Cosa c’entra tutto questo con l’occupazione, come influisce sul numero di delusi che non cercano più lavoro. Domanda legittima. Basti pensare al numero di professionalità che dovrebbero collaborare con la direzione della struttura espositiva. Basti pensare all’indotto che automaticamente si genererebbe dovendo continuamente cambiare le modalità di visita per i fruitori, e giusto in un sussurro, si potrebbe approcciare l’idea di far pagare un biglietto dall’importo non simbolico. Tutti spendiamo per avere in cambio qualcosa, ed in genere sono beni materiali. Pagare per entrare e visitare un museo, può non sembrare un grande acquisto, in particolare per gli italiani, perché la visita si risolve generalmente in una passeggiata tra cose belle. Offrendo al visitatore un emozione, un ricordo indelebile, un esperienza da raccontare, non si riscontrerebbe alcuna ritrosia da parte del visitatore a pagare il biglietto. I musei devono diventare autonomi economicamente, tanto da permettersi anche le collaborazioni necessarie alle esposizioni. English Heritage, Royal Palaces Agency, le famose fondazioni che amministrano strutture aperte al pubblico sono collegati alle strutture di controllo statali ma si muovono in autonomia, mettendo a reddito beni come la Torre di Londra, le chiese storiche o qualsiasi altro bene culturale gli si affidi. Non da oggi. Nessuna profanazione spudorata della dignità delle opere d’arte: soltanto creatività che lega saperi umanistici e competenze scientifiche in alcune originali sintesi.

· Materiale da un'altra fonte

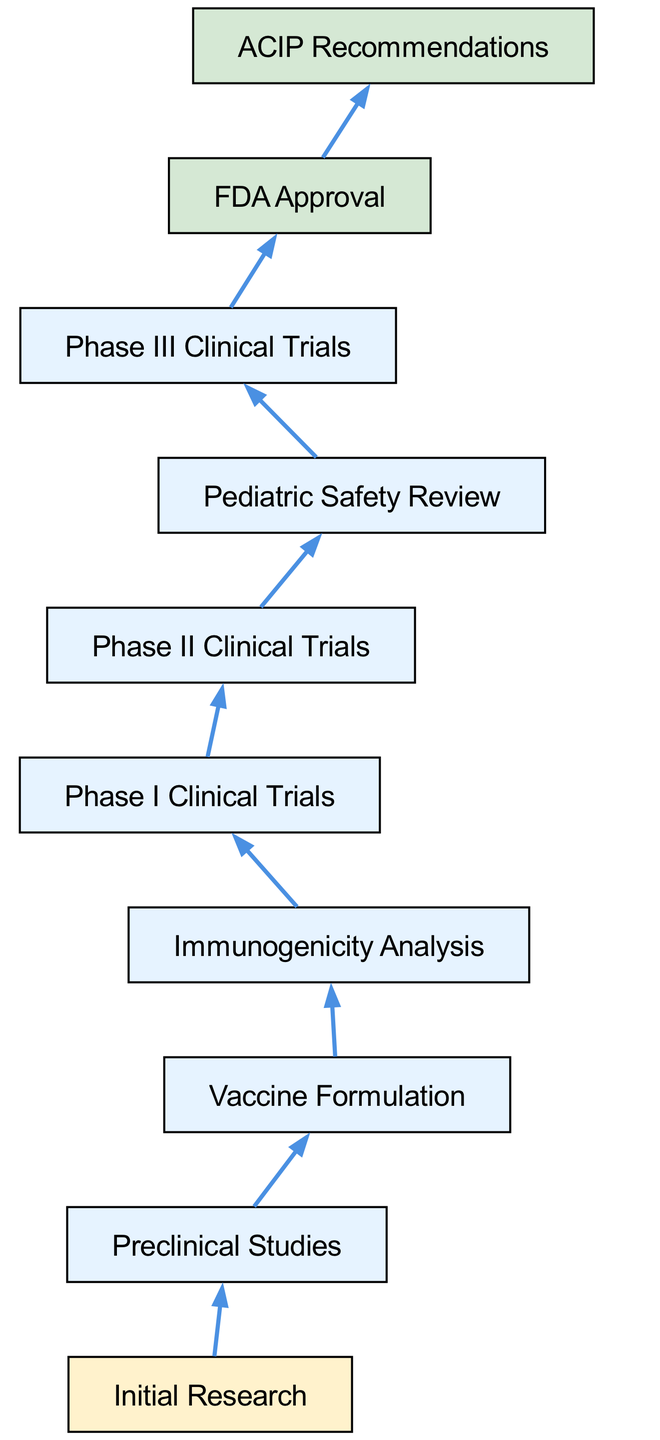What is the final step in the vaccine development process? The final step in the vaccine development process is the FDA Approval, which is indicated as the last node in the diagram.
Answer: FDA Approval How many phases of clinical trials are there in the vaccine development process? There are three phases of clinical trials outlined in the diagram: Phase I, Phase II, and Phase III.
Answer: Three What type of analysis follows Vaccine Formulation? After Vaccine Formulation, the next step is Immunogenicity Analysis, as shown in the flow of the diagram.
Answer: Immunogenicity Analysis Which step follows Initial Research? Preclinical Studies is the next step that follows Initial Research in the vaccine development process.
Answer: Preclinical Studies What recommendation is provided at the final stage of the vaccine development process? The final stage of the vaccine development process results in ACIP Recommendations, which is connected to the final step of FDA Approval in the diagram.
Answer: ACIP Recommendations How does Pediatric Safety Review relate to Phase III Clinical Trials? Pediatric Safety Review follows Phase III Clinical Trials as it is an important step to ensure the safety of the vaccine for children, making it a critical component of the overall development process shown in the diagram.
Answer: It follows How many connections are represented in the diagram? The diagram includes a total of eight connections representing the flow from one step to another in the vaccine development process.
Answer: Eight Which step involves the testing of vaccine safety before clinical trials? The step that involves testing the vaccine’s safety before clinical trials is Preclinical Studies, as outlined at the beginning of the process in the diagram.
Answer: Preclinical Studies What is the purpose of Immunogenicity Analysis in the flow? The purpose of Immunogenicity Analysis is to assess the immune response generated by the vaccine formulation, and it directly follows Vaccine Formulation as indicated in the diagram.
Answer: Assess immune response 
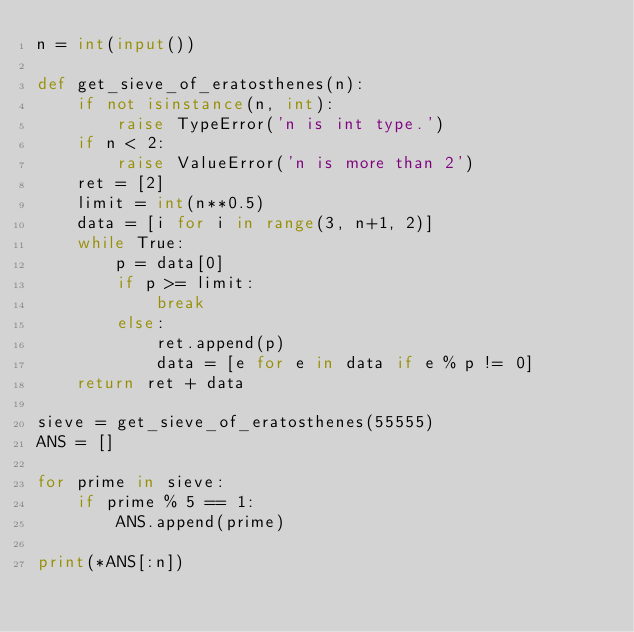Convert code to text. <code><loc_0><loc_0><loc_500><loc_500><_Python_>n = int(input())

def get_sieve_of_eratosthenes(n):
    if not isinstance(n, int):
        raise TypeError('n is int type.')
    if n < 2:
        raise ValueError('n is more than 2')
    ret = [2]
    limit = int(n**0.5)
    data = [i for i in range(3, n+1, 2)]
    while True:
        p = data[0]
        if p >= limit:
            break
        else:
            ret.append(p)
            data = [e for e in data if e % p != 0]
    return ret + data

sieve = get_sieve_of_eratosthenes(55555)
ANS = []

for prime in sieve:
    if prime % 5 == 1:
        ANS.append(prime)

print(*ANS[:n])</code>

Una stimolante cultura d’impresa che da noi sarebbe rivoluzionaria. L’effetto? Un boom nella creazione di ricchezza, nella competitività e nell’attrattività. Si innescherebbe, con queste pratiche, un vero e proprio circolo virtuoso: i luoghi dei talenti attraggono altri talenti. Per ogni nuovo posto di lavoro a sofisticato contenuto tecnologico e culturale se ne creerebbero altri cinque, sia in settori qualificati (avvocati, insegnanti, medici, infermieri) sia in settori meno qualificati, legati ai servizi alle imprese e alle persone. Si metterebbe in moto un vero e proprio “ascensore sociale” (importa ciò che sai, impari e sai fare, non chi sei, per estrazione familiare) che sarebbe un ulteriore molla della crescita. Immaginazione + Cultura + Creatività = Sviluppo economico e sociale. Questo è ciò che serve. Il Bureau of Economic Analysis, il principale istituto di statistiche degli Usa, ha inserito tra i fattori del Pil anche la “creatività”. Non è un caso. Diamoci da fare, se questa è l’equazione giusta, il risultato ci sarà.